Rather than provide reader/market feedback, their goal is to provide feedback and look for general story issues, like awkward dialogue, plot holes, and incomplete characterization. First drafts are full of those kinds of problems, and when you’re really close to your own story, having this feedback can create a great roadmap for later self-edits.
There are several reasons why I love working with my alpha readers:
- I trust these friends deeply. I wouldn’t let anyone I don’t trust and respect read my unedited first draft! This is a vulnerable time in the writing process, and you need someone who can give gentle but pointed feedback.
- My two alpha readers give me very different feedback. One isn’t as interested in worldbuilding or setting details but is REALLY great with character reactions and pushing me on character goals and motives. The other has a more editorial style—which make sense because she’s also an editor! Both also give some ‘fangirl’ reactions in the comments, which is fun and keeps me engaged.
- They help me stay excited about my draft(s). They’re engaged in the story with me, and knowing they want to read more of my story is great motivation to keep going.
- They point out what they like. Those fangirl reactions? That’s part of what pointing out what they like about my drafts. Because really, receiving feedback isn’t just about what needs to be fixed; you need to know what is working. It’s good for morale and also helps you focus on what actually needs revisions.
If you’re going to share your unedited (or barely edited) first draft with an alpha reader, make sure they’re someone you know and trust to give you honest but kind feedback. You probably also want to work with someone who is both a writer and reader, as they will be able to point out different levels of questions, problems, and even potential solutions.
Beta readers come after alpha readers. These are people who read your manuscript once you’ve done some revisions. Their questions are going to be less involved than an alpha’s, providing more ‘big picture’ questions your ideal readers might have.
This is a great way to get feedback before sending your book to your editor or before querying agents.
Critique Partners (CPs)
Critique partners, often called CPs online, are similar to alpha readers, but they aren’t necessarily reading your unedited draft or following you closely as you write. Instead, you might swap semi-revised manuscripts with each other.
CPs are always other writers, and you’re both helping each other iron out snags in your respective manuscripts.

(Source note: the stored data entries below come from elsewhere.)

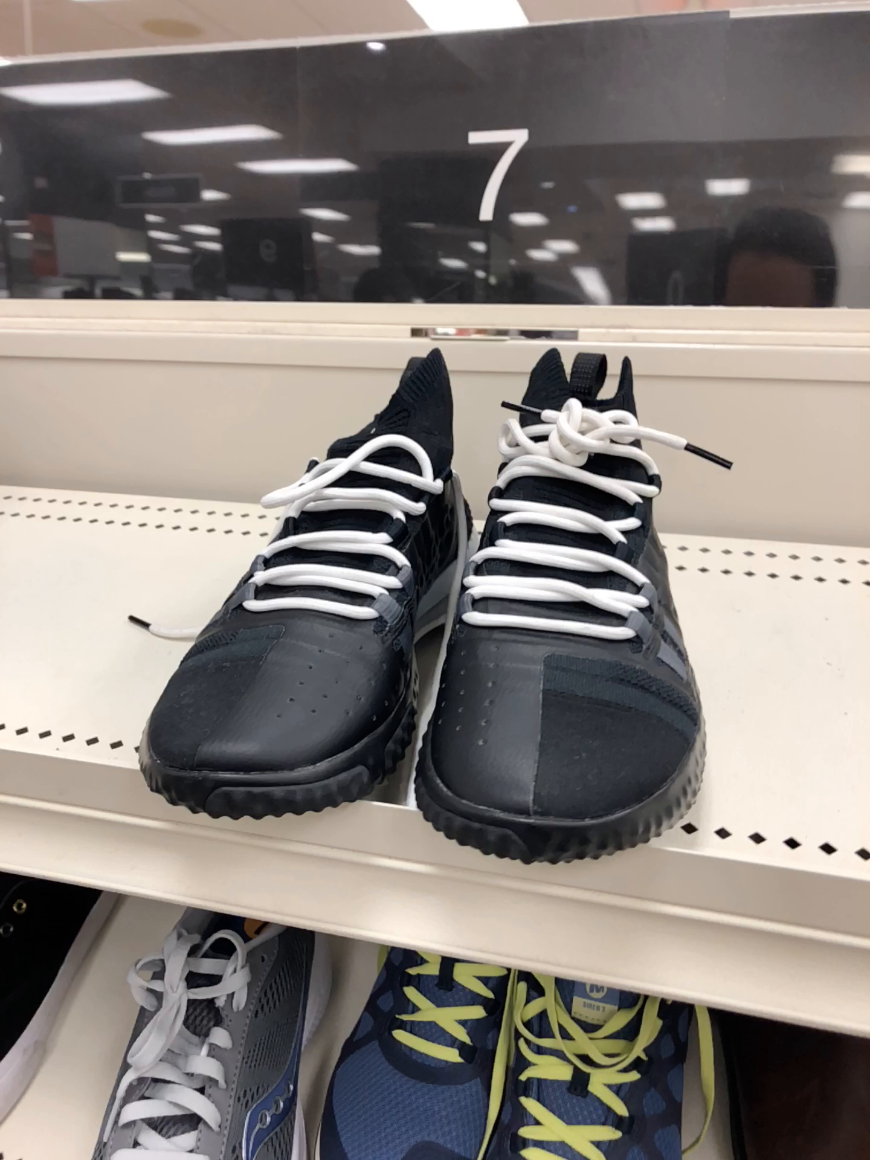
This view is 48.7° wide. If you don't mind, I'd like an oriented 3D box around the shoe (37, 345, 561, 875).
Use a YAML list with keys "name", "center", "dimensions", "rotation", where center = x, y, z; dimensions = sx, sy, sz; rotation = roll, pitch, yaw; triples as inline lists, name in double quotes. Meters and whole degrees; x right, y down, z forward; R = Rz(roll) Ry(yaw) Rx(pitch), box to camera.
- name: "shoe"
  center: [-0.026, -0.027, 0.486]
  dimensions: [0.120, 0.136, 0.352]
  rotation: [5, 21, 15]

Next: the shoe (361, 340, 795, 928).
- name: "shoe"
  center: [0.076, -0.020, 0.451]
  dimensions: [0.120, 0.136, 0.352]
  rotation: [4, 21, 12]
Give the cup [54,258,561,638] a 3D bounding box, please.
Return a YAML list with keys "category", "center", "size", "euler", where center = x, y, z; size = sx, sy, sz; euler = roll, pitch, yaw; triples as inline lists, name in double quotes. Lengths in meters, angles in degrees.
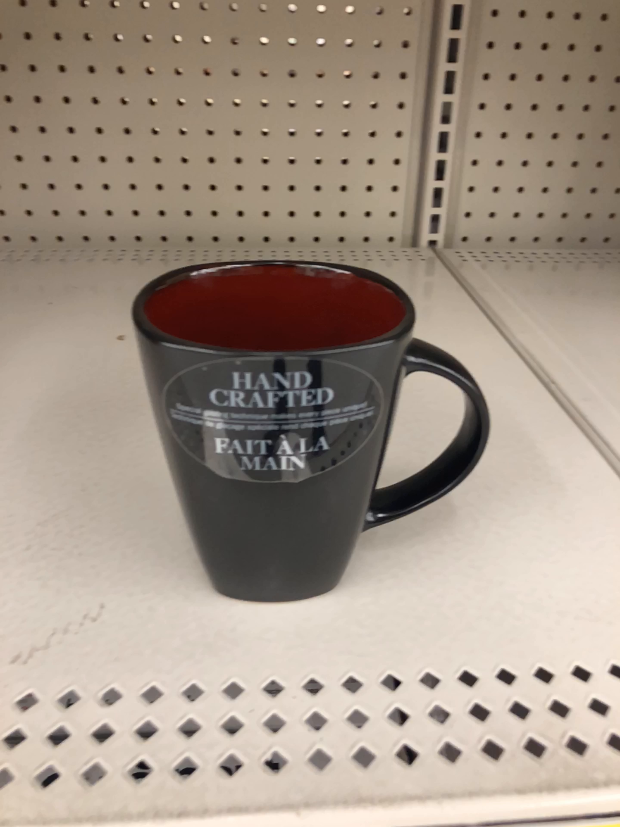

How do you find alphas, betas, and CPs?
You can find alpha and beta readers and CPs lots of places! Nowadays, social media and the Internet are the obvious answers. Places like Instagram and Twitter can be helpful. There are Facebook groups dedicated to this. The website CritiqueMatch also looks like a great resource–though full disclaimer, I haven’t used it yet!
You might also work with someone you know from a critique group, shifting your focus to one-on-one time and more in-depth analyses.
How do you find the right alphas, betas, and CPs?
This is the tricky part, right? There are plenty of people willing to volunteer for these jobs. Many writers have compared this process to dating, and I’d agree; you have to find the right alpha/beta/CP for you.
Maybe you need a critique partner with an eye for worldbuilding because you know it’s a weakness in your drafts. You might need an alpha reader who is gentle with their feedback. Maybe you want a beta reader who will push you to your limits and be really blunt in their comments.
The point is that this is a deeply personal process, and you should find the right person for you. You also want to find someone who knows and reads your genre. For example, someone who reads exclusively country western romances might not be a great fit for your urban fantasy novel.
Once you find someone you think you might like to partner up with, what comes next?
- Consider it a trial at first. Don’t just send them your entire manuscript! If they’re an alpha or beta reader, send them a few chapters to see their feedback style. If you want to be critique partners, swap a roughly equal word count. Just see how it goes. Agree to a trial period and go from there.
- Set deadlines. If you need your chapters/manuscript back by a certain date, make that very clear. At the same time, be reasonable; don’t ask someone to alpha read your 100k-word novel draft in three days.
- Remember that it’s okay to ask your alpha/beta/CP specific questions outside of the other feedback they give. Maybe you’re concerned about one aspect of your worldbuilding, or maybe you want to know how they react to that ONE scene! Don’t be afraid to ask.
- Remember that criticism isn’t always easy to digest. Even those writers with the toughest skin will sometimes feel the sting of criticism, even when it’s phrased kindly and very well-meaning. But don’t dwell on it; your feedback partner is there to help you. Writing is not a solitary process, and even the biggest, most famous authors have a team helping them strengthen their drafts.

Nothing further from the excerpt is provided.